As a trainee teacher, I taught a Year 1 class with a high proportion of children who had recently arrived in the country. One day it started to snow and we allowed the enraptured five- and six-year-olds outside to make snowballs. One child, whose family had moved from Pakistan, dashed out with a beatific smile on his face, but his joy quickly turned to horror as he threw himself at a snow-covered climbing frame. "It's cold!" he wailed, running inside with tears of disappointment streaming down his cheeks.

But diversity can manifest itself in a more heartbreaking fashion. Before Christmas we held a school charity week to raise money to help tackle the Ebola epidemic in West Africa. Teachers talked to their classes about why the money was being collected and prayers were written for those affected by the disease.

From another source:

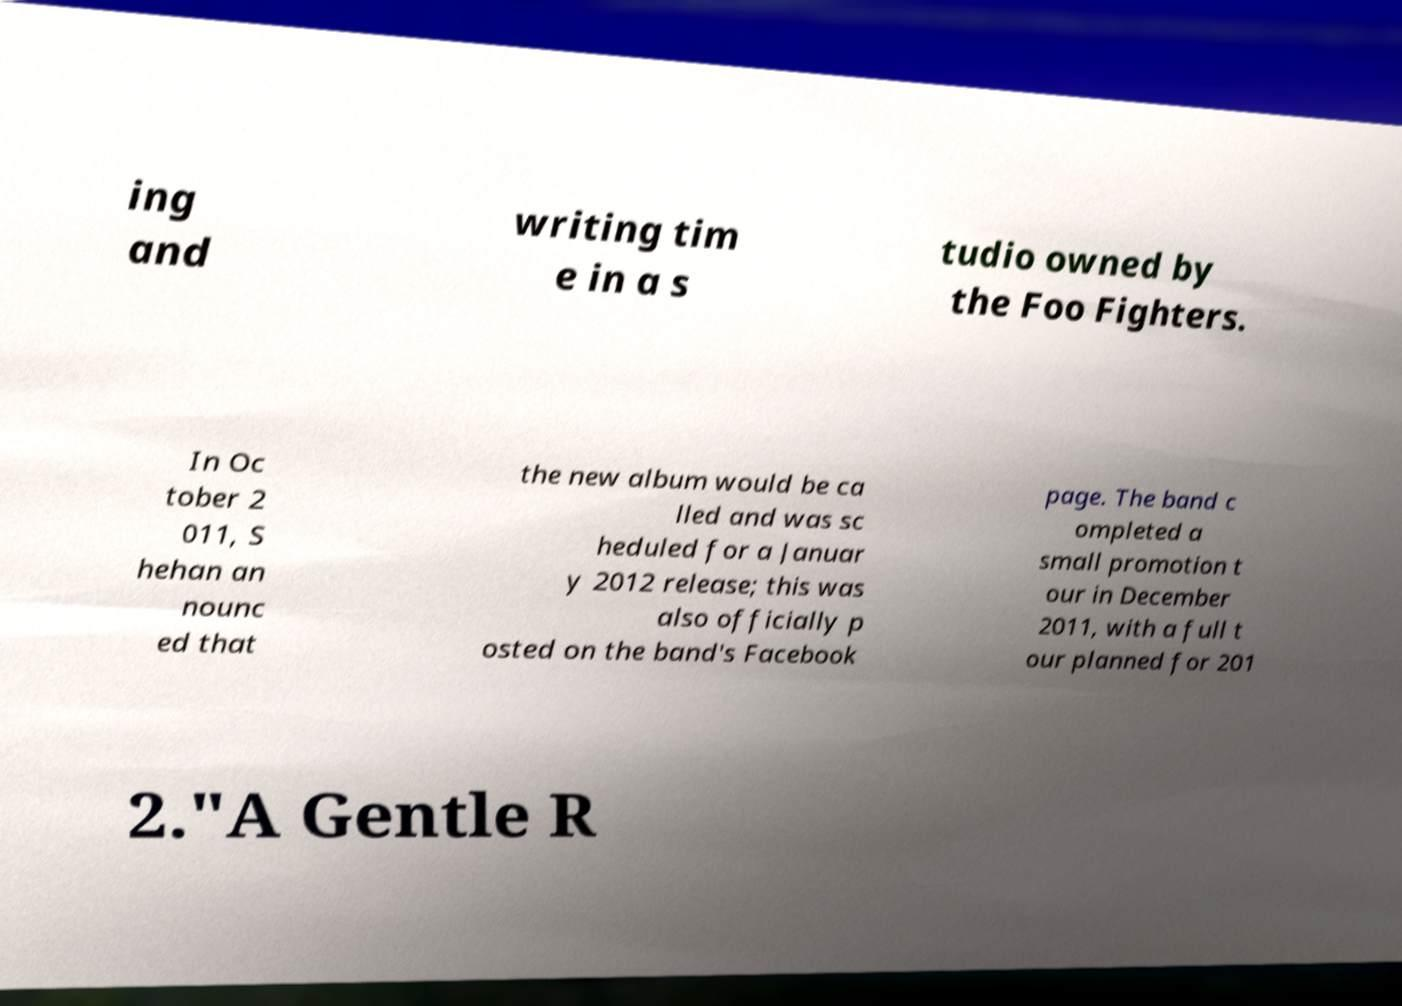Can you read and provide the text displayed in the image?This photo seems to have some interesting text. Can you extract and type it out for me? ing and writing tim e in a s tudio owned by the Foo Fighters. In Oc tober 2 011, S hehan an nounc ed that the new album would be ca lled and was sc heduled for a Januar y 2012 release; this was also officially p osted on the band's Facebook page. The band c ompleted a small promotion t our in December 2011, with a full t our planned for 201 2."A Gentle R

We were teaching citizenship, charity and awareness; we ticked boxes on the school mission statement and the PSHE curriculum. But we had no idea how close to home we had come until Theodore - a bright, sensitive, wonderful boy - asked quietly if we could pray for his grandmother back home who had just died of Ebola, and for the rest of his family who didn't know if they had contracted the disease.

Sometimes you don't recognise diversity when it's right in front of you. And sometimes, when you do, you can find very little to celebrate.